- **STORED DATA**
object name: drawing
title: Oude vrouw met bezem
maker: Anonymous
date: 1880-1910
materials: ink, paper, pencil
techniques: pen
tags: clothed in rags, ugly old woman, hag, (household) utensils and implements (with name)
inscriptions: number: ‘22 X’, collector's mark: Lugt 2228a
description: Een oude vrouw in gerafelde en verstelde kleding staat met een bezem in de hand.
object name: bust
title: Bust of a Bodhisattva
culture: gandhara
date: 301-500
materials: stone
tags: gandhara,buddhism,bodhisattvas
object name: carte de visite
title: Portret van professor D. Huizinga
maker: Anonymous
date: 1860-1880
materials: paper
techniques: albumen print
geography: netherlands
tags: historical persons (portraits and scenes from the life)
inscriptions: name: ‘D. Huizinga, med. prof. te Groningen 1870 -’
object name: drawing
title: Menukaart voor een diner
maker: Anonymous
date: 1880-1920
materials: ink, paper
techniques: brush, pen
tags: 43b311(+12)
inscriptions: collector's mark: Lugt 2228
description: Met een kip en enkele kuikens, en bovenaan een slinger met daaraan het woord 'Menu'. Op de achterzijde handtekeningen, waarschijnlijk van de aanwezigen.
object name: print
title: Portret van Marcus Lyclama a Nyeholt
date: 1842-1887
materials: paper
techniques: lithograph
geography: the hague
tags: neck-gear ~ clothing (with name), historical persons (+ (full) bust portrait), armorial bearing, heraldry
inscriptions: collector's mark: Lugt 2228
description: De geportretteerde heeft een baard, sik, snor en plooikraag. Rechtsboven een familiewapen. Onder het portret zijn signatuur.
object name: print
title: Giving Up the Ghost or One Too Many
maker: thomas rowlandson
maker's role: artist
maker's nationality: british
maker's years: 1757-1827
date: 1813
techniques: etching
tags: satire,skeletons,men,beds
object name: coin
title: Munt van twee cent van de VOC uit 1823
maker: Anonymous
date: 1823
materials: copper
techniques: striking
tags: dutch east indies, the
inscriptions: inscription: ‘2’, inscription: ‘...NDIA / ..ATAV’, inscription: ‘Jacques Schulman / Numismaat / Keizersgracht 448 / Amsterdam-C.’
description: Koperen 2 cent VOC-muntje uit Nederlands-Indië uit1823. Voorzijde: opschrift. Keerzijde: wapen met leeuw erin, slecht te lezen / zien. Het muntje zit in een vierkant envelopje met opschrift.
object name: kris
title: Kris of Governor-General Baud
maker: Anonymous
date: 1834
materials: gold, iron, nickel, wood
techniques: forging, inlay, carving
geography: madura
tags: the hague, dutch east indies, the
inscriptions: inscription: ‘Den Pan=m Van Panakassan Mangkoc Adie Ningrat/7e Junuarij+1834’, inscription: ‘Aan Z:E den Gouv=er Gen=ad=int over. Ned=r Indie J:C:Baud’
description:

- **WORK TO COMPLETE**
Return every entry exactly as given.

- **RESULT OF THIS TASK**
object name: drawing
title: Oude vrouw met bezem
maker: Anonymous
date: 1880-1910
materials: ink, paper, pencil
techniques: pen
tags: clothed in rags, ugly old woman, hag, (household) utensils and implements (with name)
inscriptions: number: ‘22 X’, collector's mark: Lugt 2228a
description: Een oude vrouw in gerafelde en verstelde kleding staat met een bezem in de hand.
object name: bust
title: Bust of a Bodhisattva
culture: gandhara
date: 301-500
materials: stone
tags: gandhara,buddhism,bodhisattvas
object name: carte de visite
title: Portret van professor D. Huizinga
maker: Anonymous
date: 1860-1880
materials: paper
techniques: albumen print
geography: netherlands
tags: historical persons (portraits and scenes from the life)
inscriptions: name: ‘D. Huizinga, med. prof. te Groningen 1870 -’
object name: drawing
title: Menukaart voor een diner
maker: Anonymous
date: 1880-1920
materials: ink, paper
techniques: brush, pen
tags: 43b311(+12)
inscriptions: collector's mark: Lugt 2228
description: Met een kip en enkele kuikens, en bovenaan een slinger met daaraan het woord 'Menu'. Op de achterzijde handtekeningen, waarschijnlijk van de aanwezigen.
object name: print
title: Portret van Marcus Lyclama a Nyeholt
date: 1842-1887
materials: paper
techniques: lithograph
geography: the hague
tags: neck-gear ~ clothing (with name), historical persons (+ (full) bust portrait), armorial bearing, heraldry
inscriptions: collector's mark: Lugt 2228
description: De geportretteerde heeft een baard, sik, snor en plooikraag. Rechtsboven een familiewapen. Onder het portret zijn signatuur.
object name: print
title: Giving Up the Ghost or One Too Many
maker: thomas rowlandson
maker's role: artist
maker's nationality: british
maker's years: 1757-1827
date: 1813
techniques: etching
tags: satire,skeletons,men,beds
object name: coin
title: Munt van twee cent van de VOC uit 1823
maker: Anonymous
date: 1823
materials: copper
techniques: striking
tags: dutch east indies, the
inscriptions: inscription: ‘2’, inscription: ‘...NDIA / ..ATAV’, inscription: ‘Jacques Schulman / Numismaat / Keizersgracht 448 / Amsterdam-C.’
description: Koperen 2 cent VOC-muntje uit Nederlands-Indië uit1823. Voorzijde: opschrift. Keerzijde: wapen met leeuw erin, slecht te lezen / zien. Het muntje zit in een vierkant envelopje met opschrift.
object name: kris
title: Kris of Governor-General Baud
maker: Anonymous
date: 1834
materials: gold, iron, nickel, wood
techniques: forging, inlay, carving
geography: madura
tags: the hague, dutch east indies, the
inscriptions: inscription: ‘Den Pan=m Van Panakassan Mangkoc Adie Ningrat/7e Junuarij+1834’, inscription: ‘Aan Z:E den Gouv=er Gen=ad=int over. Ned=r Indie J:C:Baud’
description:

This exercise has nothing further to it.